Once this streaming data pipeline is established, we need to modify our model serving to leverage it. This simply means adding a call to the persistent store (BigQuery) to fetch the latest real-time data when a prediction request comes in. This flow is illustrated by the red arrows in the diagram above.
This codelab will implement the architecture above to leverage real-time traffic data as a feature in our tensorflow model to predict taxi fare. This will allow the model to predict higher fares during peak traffic times and vise versa.
To get started open a new terminal in your AI Platform JupyterLab instance:
Then git clone the repository (skip this step if you've already cloned this in a prior lab):
git clone https://github.com/GoogleCloudPlatform/training-data-analyst.git
First we'll train a model that includes ‘trips_last_5min' as a feature.
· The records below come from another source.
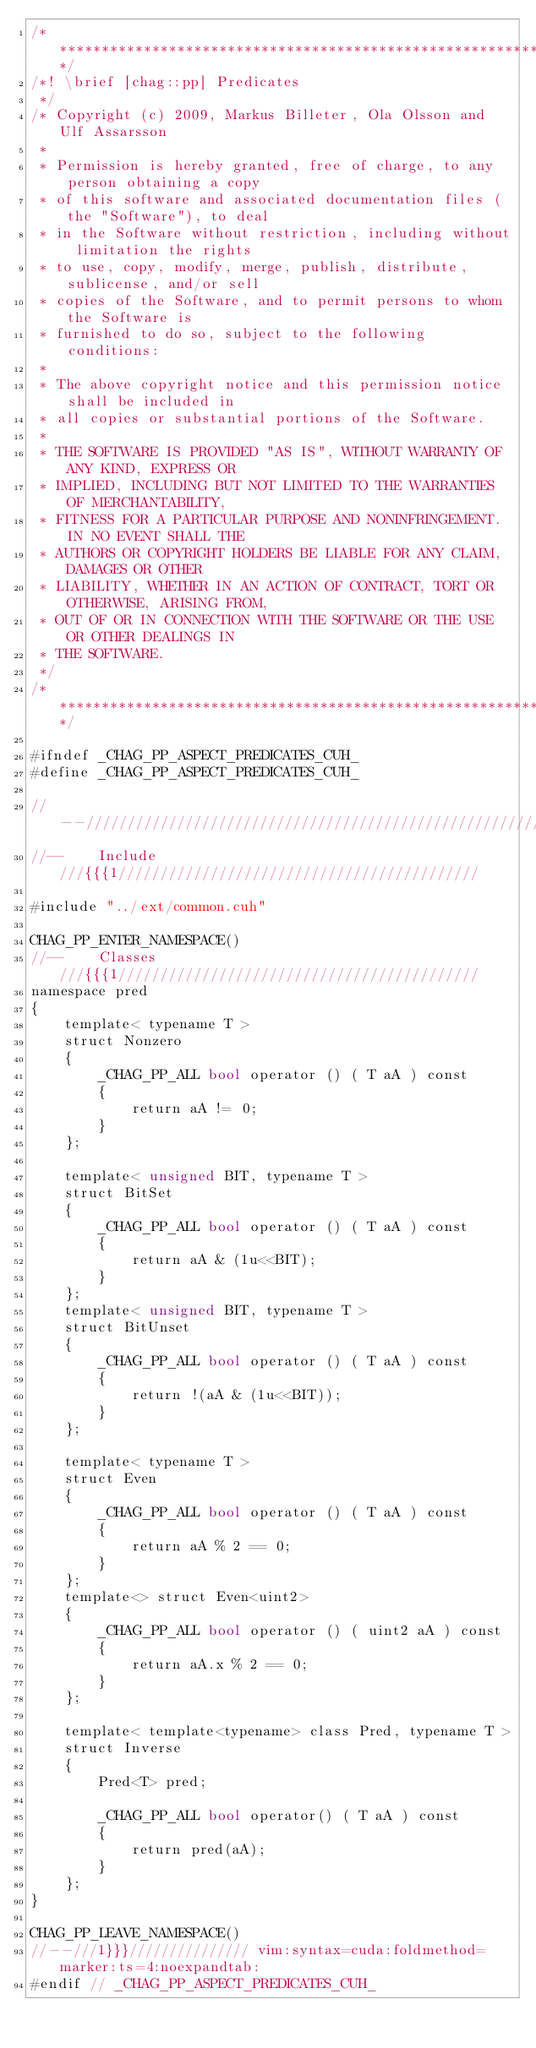<code> <loc_0><loc_0><loc_500><loc_500><_Cuda_>/****************************************************************************/
/*!	\brief [chag::pp] Predicates
 */
/* Copyright (c) 2009, Markus Billeter, Ola Olsson and Ulf Assarsson
 * 
 * Permission is hereby granted, free of charge, to any person obtaining a copy
 * of this software and associated documentation files (the "Software"), to deal
 * in the Software without restriction, including without limitation the rights
 * to use, copy, modify, merge, publish, distribute, sublicense, and/or sell
 * copies of the Software, and to permit persons to whom the Software is
 * furnished to do so, subject to the following conditions:
 * 
 * The above copyright notice and this permission notice shall be included in
 * all copies or substantial portions of the Software.
 * 
 * THE SOFTWARE IS PROVIDED "AS IS", WITHOUT WARRANTY OF ANY KIND, EXPRESS OR
 * IMPLIED, INCLUDING BUT NOT LIMITED TO THE WARRANTIES OF MERCHANTABILITY,
 * FITNESS FOR A PARTICULAR PURPOSE AND NONINFRINGEMENT. IN NO EVENT SHALL THE
 * AUTHORS OR COPYRIGHT HOLDERS BE LIABLE FOR ANY CLAIM, DAMAGES OR OTHER
 * LIABILITY, WHETHER IN AN ACTION OF CONTRACT, TORT OR OTHERWISE, ARISING FROM,
 * OUT OF OR IN CONNECTION WITH THE SOFTWARE OR THE USE OR OTHER DEALINGS IN
 * THE SOFTWARE.
 */
/****************************************************************************/

#ifndef _CHAG_PP_ASPECT_PREDICATES_CUH_
#define _CHAG_PP_ASPECT_PREDICATES_CUH_

//--//////////////////////////////////////////////////////////////////////////
//--	Include				///{{{1///////////////////////////////////////////

#include "../ext/common.cuh"

CHAG_PP_ENTER_NAMESPACE()
//--	Classes				///{{{1///////////////////////////////////////////
namespace pred
{
	template< typename T >
	struct Nonzero
	{
		_CHAG_PP_ALL bool operator () ( T aA ) const
		{
			return aA != 0;
		}
	};

	template< unsigned BIT, typename T >
	struct BitSet
	{
		_CHAG_PP_ALL bool operator () ( T aA ) const
		{
			return aA & (1u<<BIT);
		}
	};
	template< unsigned BIT, typename T >
	struct BitUnset
	{
		_CHAG_PP_ALL bool operator () ( T aA ) const
		{
			return !(aA & (1u<<BIT));
		}
	};
	
	template< typename T >
	struct Even
	{
		_CHAG_PP_ALL bool operator () ( T aA ) const
		{
			return aA % 2 == 0;
		}
	};
	template<> struct Even<uint2>
	{
		_CHAG_PP_ALL bool operator () ( uint2 aA ) const
		{
			return aA.x % 2 == 0;
		}
	};

	template< template<typename> class Pred, typename T >
	struct Inverse
	{
		Pred<T> pred;

		_CHAG_PP_ALL bool operator() ( T aA ) const
		{
			return pred(aA);
		}
	};
}

CHAG_PP_LEAVE_NAMESPACE()
//--///1}}}/////////////// vim:syntax=cuda:foldmethod=marker:ts=4:noexpandtab: 
#endif // _CHAG_PP_ASPECT_PREDICATES_CUH_
</code>

This represents the number of taxi rides across the whole NYC taxi fleet taken in the last five minutes. This is our proxy for traffic.
In JuptyerLab navigate to the following directory:
Open up and run through
There are no TODOs in this notebook.
After running this notebook verify you have a trained model in the output directory:
In the notebook we took the traffic proxy feature as given, but if you're interested in how this feature was created see here.
Since we don't actually have real-time taxi data we will synthesize it using a simple python script. The script publishes events to Google Cloud Pub/Sub.
In the same folder, inspect the
iot_devices.py script. It is configured to send about 2000 trip messages every five minutes with some randomness in the frequency to mimic traffic fluctuations. These numbers comes from looking at the historical average of taxi ride frequency in BigQuery.
In production this script would be replaced with actual taxis with IoT devices sending trip data to Cloud Pub/Sub.
In a terminal, navigate the taxicab_traffic directory then execute the
PROJECT_ID=$(gcloud config list project --format "value(core.project)") python iot_devices.py --project=$PROJECT_ID
You will see new messages being published every 5 seconds. Keep this terminal open
Now that we have our taxi data being pushed to Pub/Sub, let's consume it using a streaming DataFlow pipeline.
The pipeline is defined in
streaming_count.py, open and inspect it.
There are 5 transformations being applied:
The second transform is left as a #TODO for you: Specify a sliding window that is 5 minutes long, and gets recalculated every 15 seconds.
Reference the beam programming guide for guidance. To check your answer reference the solution.
In a new terminal launch the pipeline. Change the BUCKET if necessary (it is assumed to be your PROJECT_ID)
PROJECT_ID=$(gcloud config list project --format "value(core.project)") BUCKET=$PROJECT_ID # CHANGE AS NECESSARY python streaming_count.py \ --input_topic taxi_rides \ --runner=DataflowRunner \ --project=$PROJECT_ID \ --temp_location=gs://$BUCKET/dataflow_streaming
You should now see your pipeline running in the Dataflow jobs in the Cloud Console:
The dataflow pipeline we just created writes to a BigQuery Table, however we've yet to actually create that table! Let's remedy that now. Execute the following in a terminal:
bq mk --dataset taxifare
bq mk --table taxifare.traffic_realtime trips_last_5min:INTEGER,time:TIMESTAMP
Since your Dataflow Pipeline is already running, you should start seeing data in your table within one minute. Open the BigQuery Web UI and run the following query.
SELECT * FROM `taxifare.traffic_realtime` ORDER BY time DESC
Re-run the above query periodically data to observe new data streaming in! You should see a new row every 15 seconds.
DELETE FROM `taxifare.traffic_realtime` WHERE TIMESTAMP_DIFF(CURRENT_TIMESTAMP,time,HOUR) > 12
Now that we have our BQ table being updated every 15 seconds with the latest traffic data, we're ready to deploy the model.
deploy.ipynb in JupyterLab and complete the TODOs.
Once the model is deployed, note how the prediction changes every 15 seconds even with the same client inputs. It's responding to new traffic data!
Congratulations! You now have a streaming data pipeline and a tensorflow model which leverages it.